小此木氏出馬で「賛成派」が漁夫の利!? 横浜市長選「カジノを巡る」暑い夏 (2/2ページ)
「今のところ出馬を表明しているのは、太田正孝氏(現・横浜市議)、藤村晃子氏(動物保護団体代表)、福田峰之氏(元・衆院議員)、山中竹春氏(現・横浜市立大学教授)と小此木氏の5名で、基本的には全員カジノには反対です。一方、林文子・現市長の下では商工会がカジノ誘致で既にそろばんを弾いてしまっています。19年に設立されたIR推進協議会には1万5000社を超える企業が加盟しています。この票は今のところどこにも行きようがなくなっていますからね」(前出・ジャーナリスト)

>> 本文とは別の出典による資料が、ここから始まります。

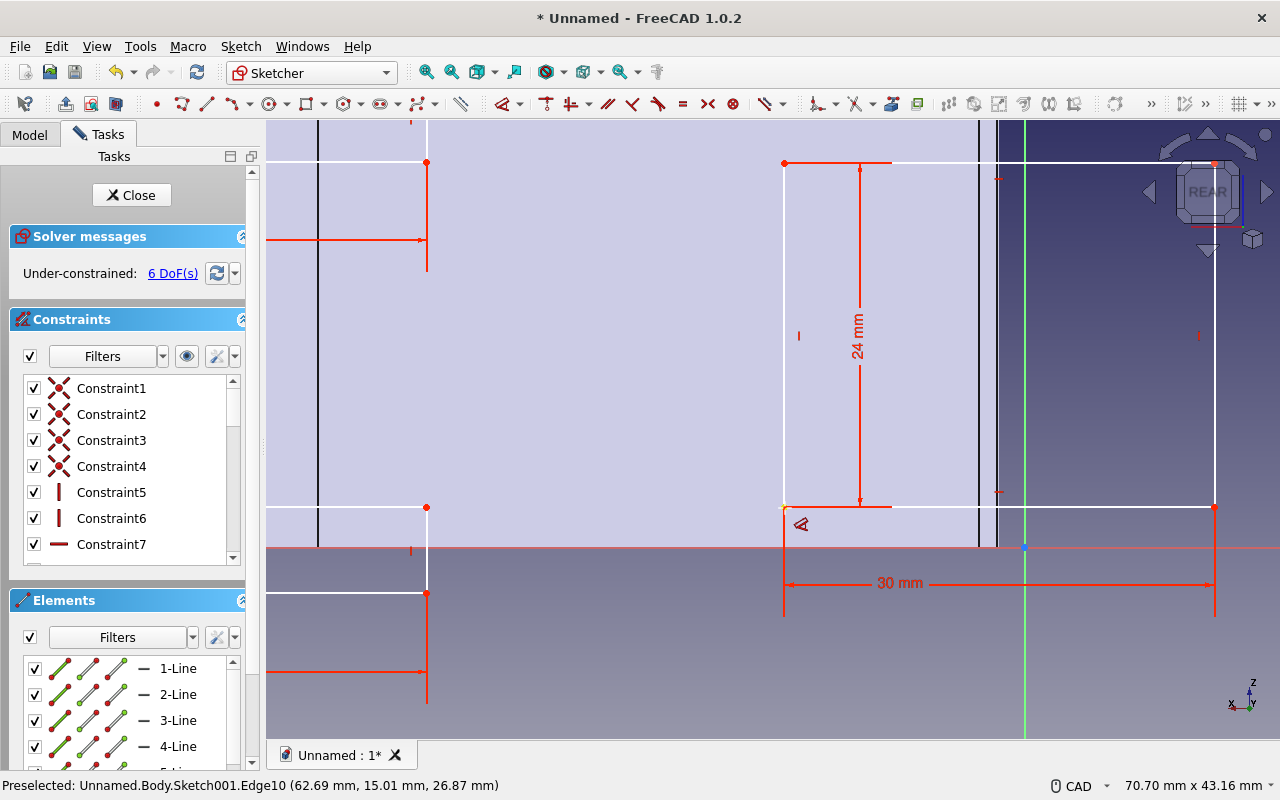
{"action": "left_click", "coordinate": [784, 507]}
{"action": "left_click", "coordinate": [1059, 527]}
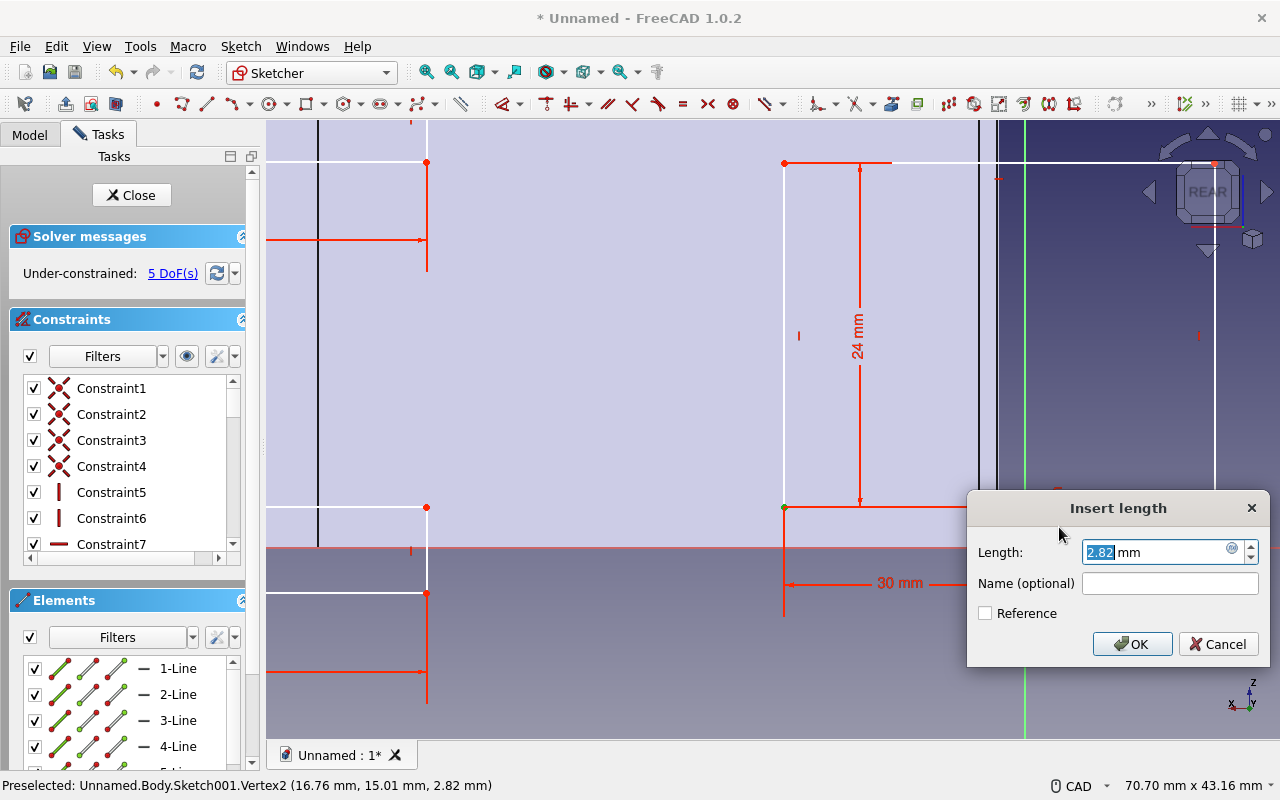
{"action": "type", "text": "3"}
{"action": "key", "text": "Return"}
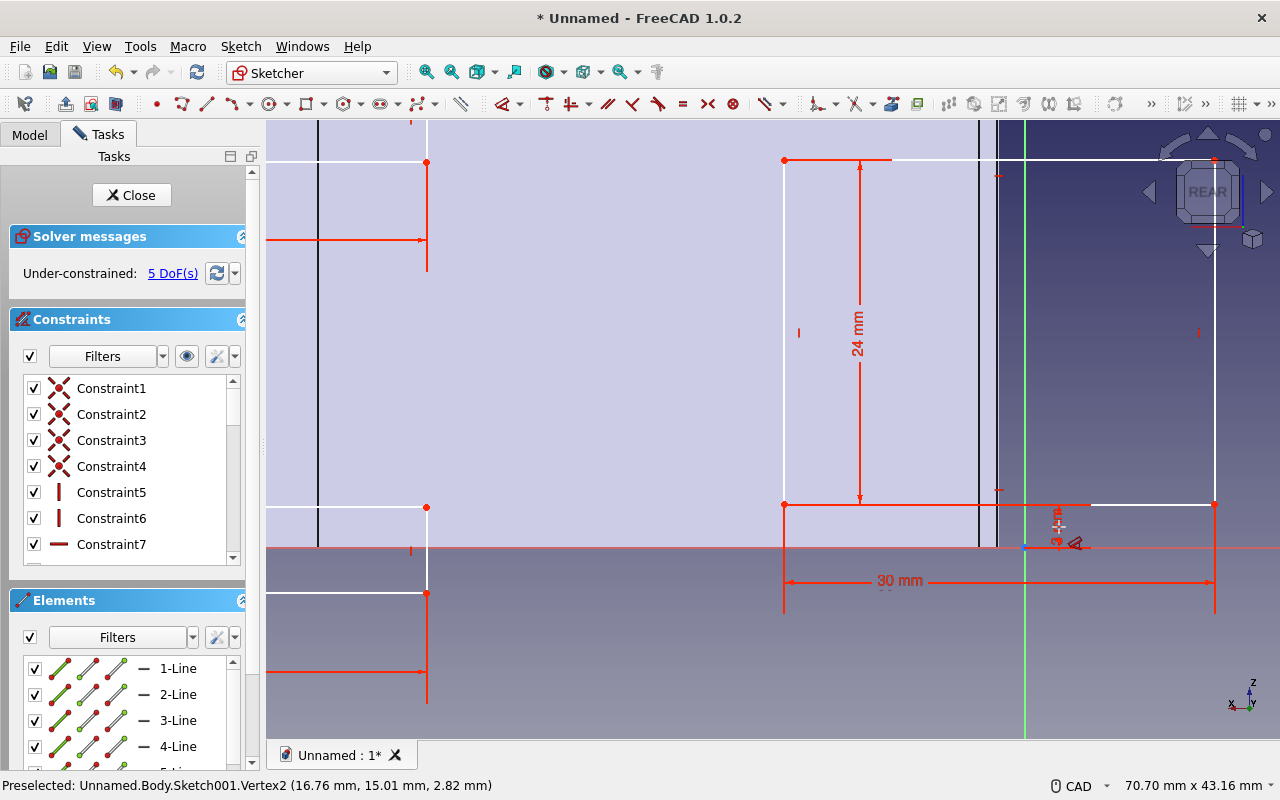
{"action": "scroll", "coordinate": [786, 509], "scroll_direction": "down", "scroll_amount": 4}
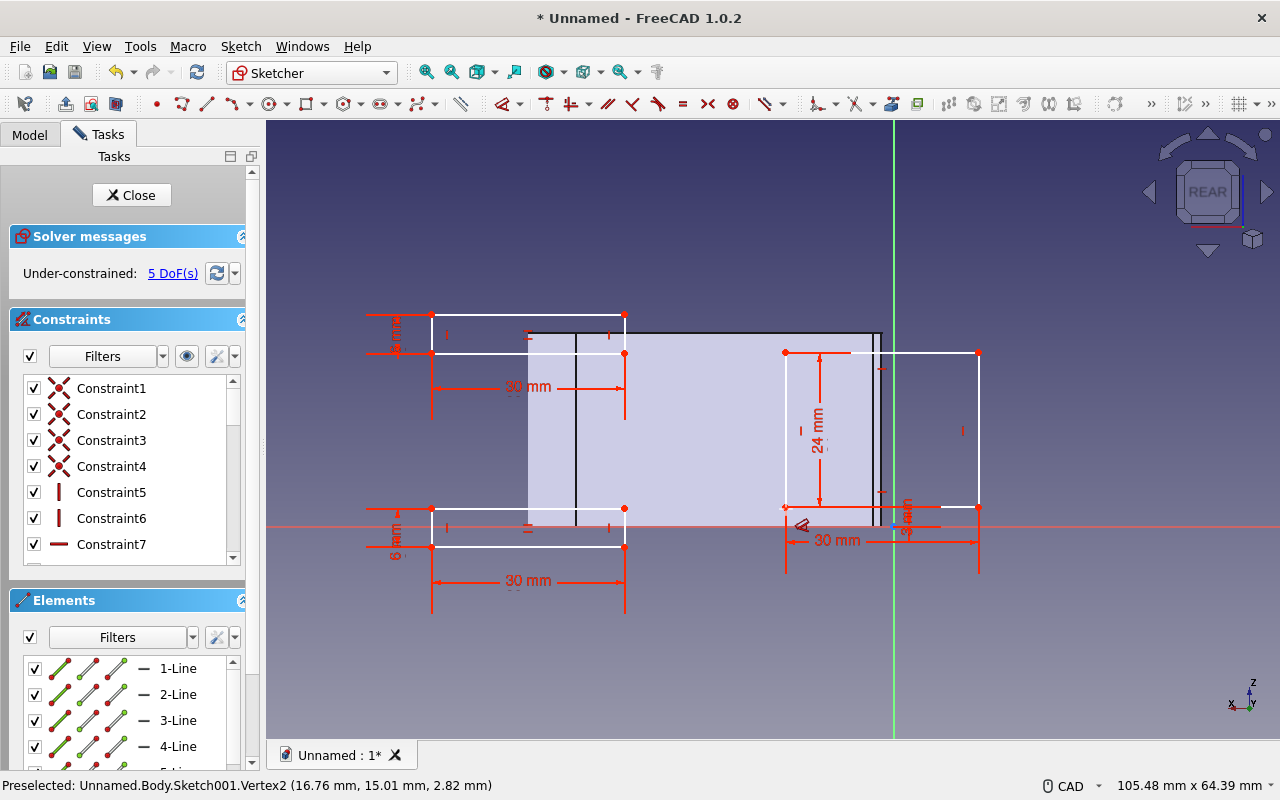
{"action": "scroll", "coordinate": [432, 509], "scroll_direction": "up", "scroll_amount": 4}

これだけ反対派が入り乱れたら当然票は分散し、むしろカジノ反対派にとっては不利。事実、小此木氏の出馬に地元の自民党横浜市連では支援がまとまっていないと伝えられている。そこへ、そこそこ名前があって地元財界も納得の推進者候補が立てば、賛成票はそちらに一気に流れて頭1つも2つも抜け出るだろう。今のところ福田氏が唯一「財源確保の1つの方法論」としてカジノ誘致に可能性を残している。あるいは元・横浜DeNAベイスターズ社長の池田純氏の擁立も囁かれていて、横浜政界と地元経済界の間では様々な思惑が入り乱れていることだろう。
今年の横浜はとりわけて暑い夏になりそうだ。